The 25th Anniversary Blu-ray edition of Stop Making Sense has been remastered from a 35mm interpositive print and it is vastly superior to the previous DVD release.  As so much of the stage action takes place in stark lighting the DVD suffered from intense grain and washed out colour so to see such rich flesh tones and the deep reds and blacks is a radical improvement.  There are even more striking audio enhancements in the two 5.1 DTS-HD soundtracks, one of the original live recording and a studio mix which was made by the band for the DVD release which is definitely worth listening to as it was the first concert film that was recorded digitally.

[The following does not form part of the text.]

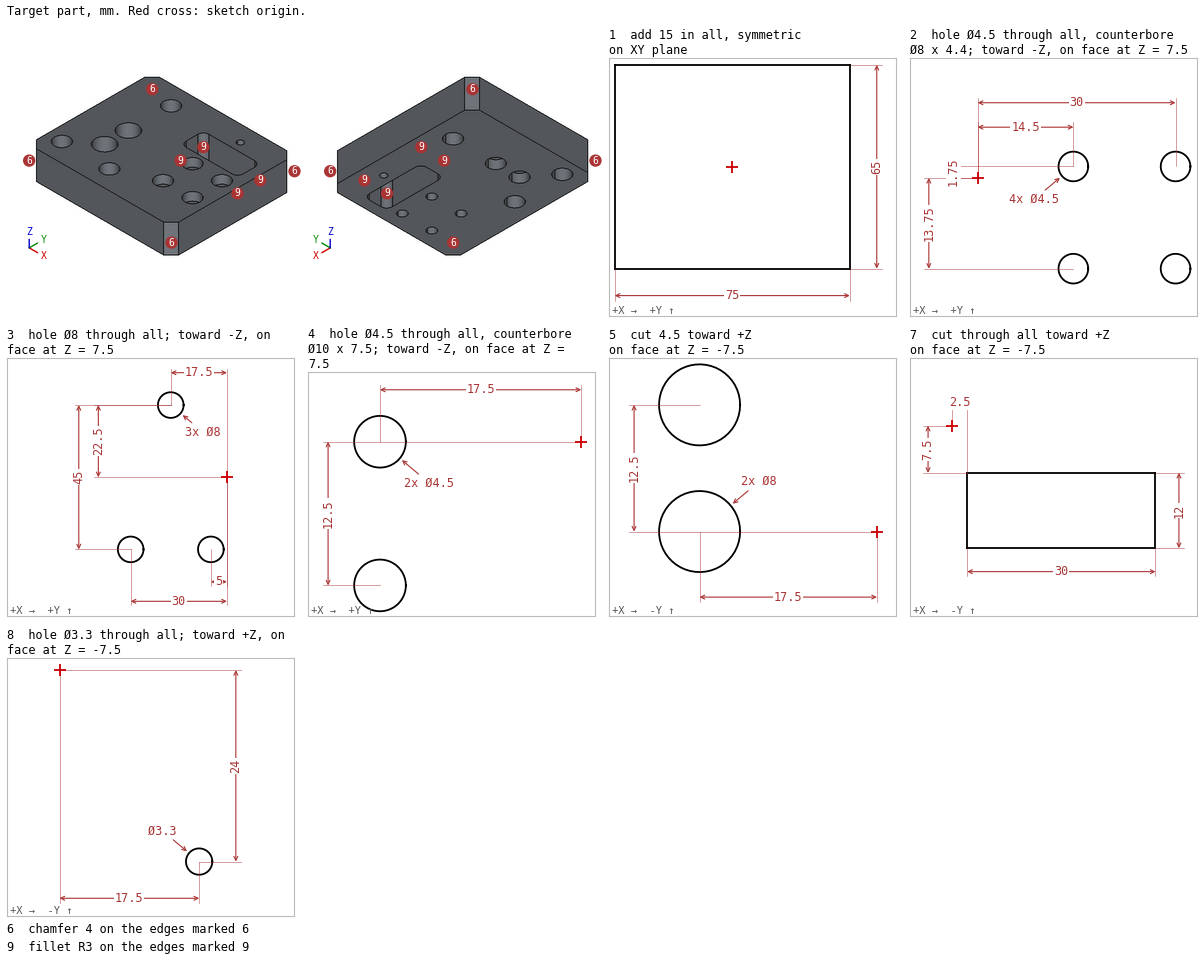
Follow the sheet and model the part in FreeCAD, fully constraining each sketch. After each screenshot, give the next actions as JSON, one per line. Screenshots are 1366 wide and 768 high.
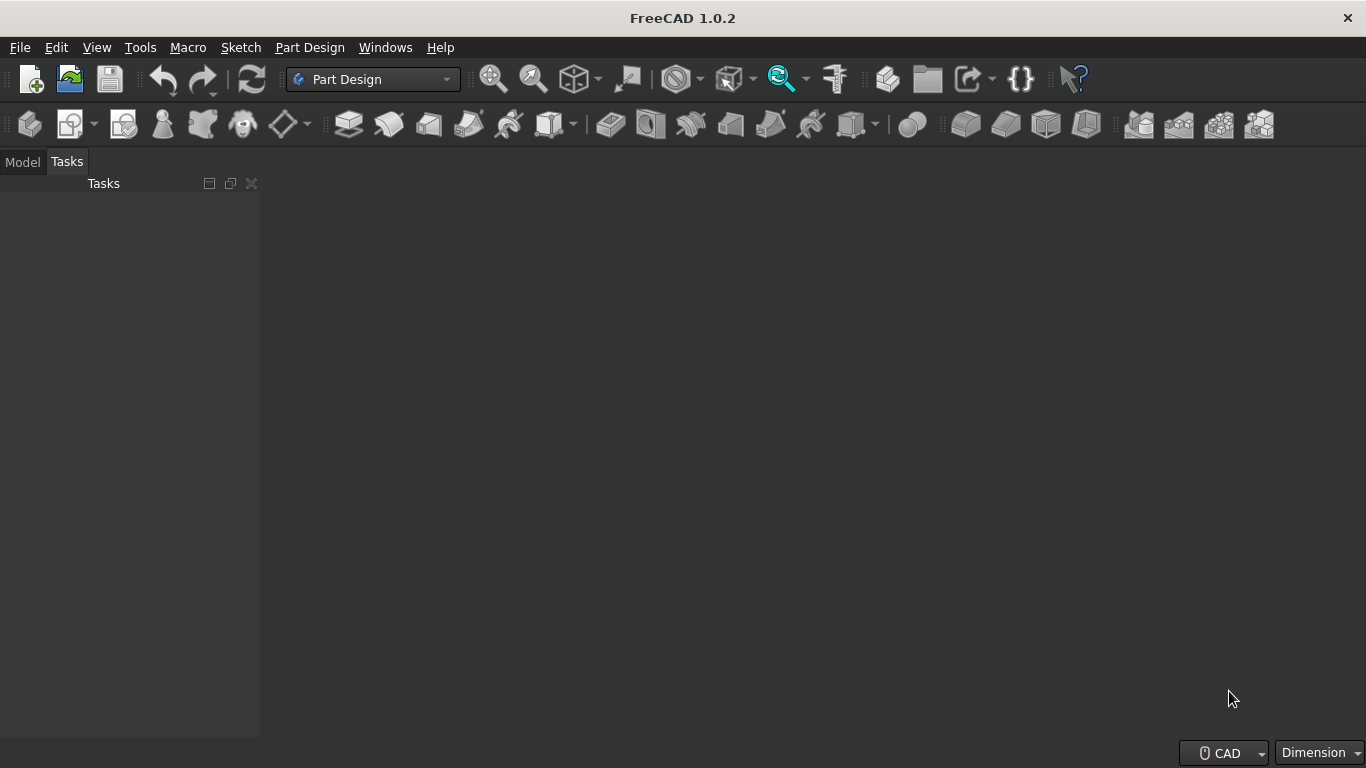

Apart from the bizarre David Byrne self-interview that was also on the initial DVD release the exclusive Blu-ray extra is an hour long press conference featuring all the band members recorded to mark the 15th anniversary of the film in 1999.  Whilst it’s not broadcast quality video the discussion is vibrant and it’s good to see Byrne reunited with Chris Franz, Tina Weymouth and Jerry Harrison and hear their first hand perspective on working on the film and marvel at the landmark that it has become.

I could happily watch Stop Making Sense once a week, perhaps even once a day, and never tire of it, be in no doubt that this is the definitive concert movie and it’s of little surprise that there hasn’t been a concert film since that holds a candle to it, now does anybody have any questions?!